## ABOUT THIS TASK
Copy out every line of the records in which "sides" can be found.

=== RECORDS FOR THIS TASK ===

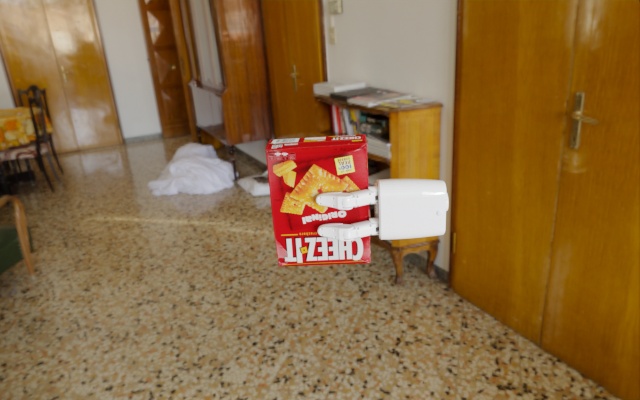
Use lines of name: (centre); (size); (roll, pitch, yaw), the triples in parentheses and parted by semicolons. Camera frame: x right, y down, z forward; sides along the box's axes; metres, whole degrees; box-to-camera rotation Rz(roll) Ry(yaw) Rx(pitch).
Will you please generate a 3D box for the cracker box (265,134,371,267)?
cracker box: (0.000, 0.002, 0.806); (0.164, 0.214, 0.072); (-2, 20, 4)
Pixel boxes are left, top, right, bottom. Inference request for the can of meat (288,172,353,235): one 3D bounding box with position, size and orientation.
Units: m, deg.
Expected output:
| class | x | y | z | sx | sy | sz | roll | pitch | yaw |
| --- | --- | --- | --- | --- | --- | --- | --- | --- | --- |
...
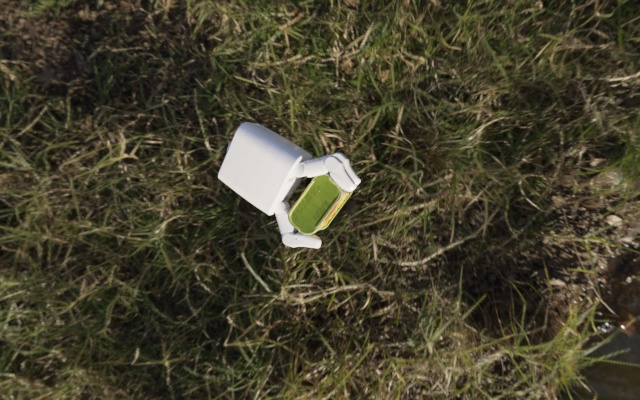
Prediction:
| class | x | y | z | sx | sy | sz | roll | pitch | yaw |
| --- | --- | --- | --- | --- | --- | --- | --- | --- | --- |
| can of meat | 0.000 | 0.003 | 0.752 | 0.057 | 0.102 | 0.084 | 38 | 12 | 7 |
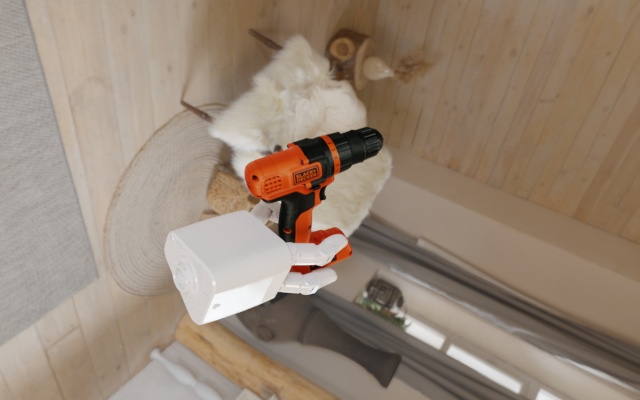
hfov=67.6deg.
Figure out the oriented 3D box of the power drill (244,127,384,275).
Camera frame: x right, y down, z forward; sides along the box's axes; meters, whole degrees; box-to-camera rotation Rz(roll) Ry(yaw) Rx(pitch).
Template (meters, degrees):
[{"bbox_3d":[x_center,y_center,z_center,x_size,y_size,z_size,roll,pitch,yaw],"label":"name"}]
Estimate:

===

## REPLY
Use lines of name: (centre); (size); (roll, pitch, yaw), the triples in parentheses and parted by semicolons. Camera frame: x right, y down, z forward; sides along the box's axes; metres, whole degrees; box-to-camera rotation Rz(roll) Ry(yaw) Rx(pitch).
Camera frame: x right, y down, z forward; sides along the box's axes; meters, whole degrees; box-to-camera rotation Rz(roll) Ry(yaw) Rx(pitch).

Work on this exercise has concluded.